A tradução é uma forma de reescrita; traduzir é reescrever um texto numa língua diferente. O objetivo é produzir um texto que possa substituir o original, para aqueles que desconhecem o idioma em que ele foi escrito. O tradutor é, pois, um tipo específico de autor.
Visto, porém, de outro ângulo, seu ofício é semelhante ao do ator: ele exige de seu público o que o poeta e crítico romântico inglês Samuel Taylor Coleridge chamava de “suspensão voluntária da descrença”.
Quando vou ao teatro – um teatro convencional –, sei que o ator que vejo à minha frente é um ator; voluntariamente, porém, ponho de lado esse conhecimento e, num outro nível da minha consciência, encaro-o como se ele fosse Hamlet, o príncipe da tragédia de William Shakespeare, suspendendo minha atitude de descrença em relação à existência real de Hamlet e à identificação entre ator e personagem.
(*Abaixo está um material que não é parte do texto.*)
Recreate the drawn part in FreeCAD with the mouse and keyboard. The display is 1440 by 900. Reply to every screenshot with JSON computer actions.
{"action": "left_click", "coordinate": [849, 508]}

Do mesmo modo, quando leio uma tradução de Liev Tolstói ponho entre parênteses, por assim dizer, meu conhecimento do fato de que estou lendo um texto em português produzido por um tradutor brasileiro, e faço de conta que o livro que tenho nas mãos foi escrito por um autor russo em seu próprio idioma.
Contar a história e imitar o estilo
O trabalho do tradutor exige que ele não apenas conte a mesma história contada por Tolstói, mas também que imite as peculiaridades de Tolstói como escritor, aquilo que encaramos como suas marcas de estilo: seu jeito de apresentar os personagens, de comentar toda a ação de um plano superior que lhe confere uma autoridade quase divina, sua maneira de utilizar a sintaxe etc.
O produto final da tarefa do tradutor tem que ser um romance em português, e mais: um romance em português que pareça, de algum modo, ter sido escrito por Tolstói.
Todas as exigências feitas à tradução de um texto em prosa ficcional se impõem ao tradutor de poesia. Quando me proponho a traduzir um poema de Emily Dickinson, meu objetivo é produzir um texto que seja um poema em língua portuguesa e que também seja, de algum modo, um poema de Dickinson.
É preciso ‘dizer a mesma coisa’ que Dickinson diz, e também dizê-lo do modo como ela o diz no inglês, um idioma muito diferente do português. Mas no caso da poesia, a exigência de escrever à maneira do autor original tem implicações drásticas. Na prosa de ficção ocidental parece possível, ao menos à primeira vista, estabelecer prioridades: há uma história a ser contada, que envolve determinados personagens num meio físico e social determinado; recriar isso seria o objetivo fundamental do trabalho do tradutor.
Criticamos negativamente uma tradução do romance Ana Kariênina que não reproduza com muita fidelidade alguns traços estilísticos do autor; mas se no texto que nos é apresentado como uma tradução de Ana Kariênina a personagem central é turca e não russa, e é uma esposa convencionalmente virtuosa e não uma adúltera, negamos o próprio status de tradução desse texto.
Quando se trata de traduzir um poema, porém, nem mesmo isso pode ser pressuposto. Tomemos como exemplo o poema 108 de Emily Dickinson:
Surgeons must be very careful
When they take the knife!
Underneath their fine incisions
Stirs the Culprit — Life!
A primeira questão que se coloca ao tradutor é esta: que elementos deste pequeno poema é fundamental recriar para que a tradução resultante possa ser considerada uma tradução desse poema, ainda que não necessariamente uma boa tradução?
Um leitor sem nenhuma sensibilidade para a poesia (e eles são muitos, infelizmente) poderia responder: o mais importante é recriar a estrutura de significados do original.
Nesse caso, poderíamos dizer que uma tradução possível do poema seria esta: “Os cirurgiões precisam ter muito cuidado quando pegam a faca. Sob suas incisões precisas mexe-se o culpado — a Vida!”
Qualquer leitor, porém, que seja minimamente capacitado para a leitura de poesia dirá: mas isso não é um poema! De fato, uma má tradução de Ana Kariênina, por mais que ignore as opções estilísticas de Tolstói, continua sendo um romance; mas a tradução de um poema que não leve em conta a divisão em versos e os elementos rítmicos que caracterizam o original não é sequer uma tradução do poema, e sim algo diverso: uma paráfrase do poema em outro idioma, um texto que visa auxiliar a leitura do poema e não substituí-la.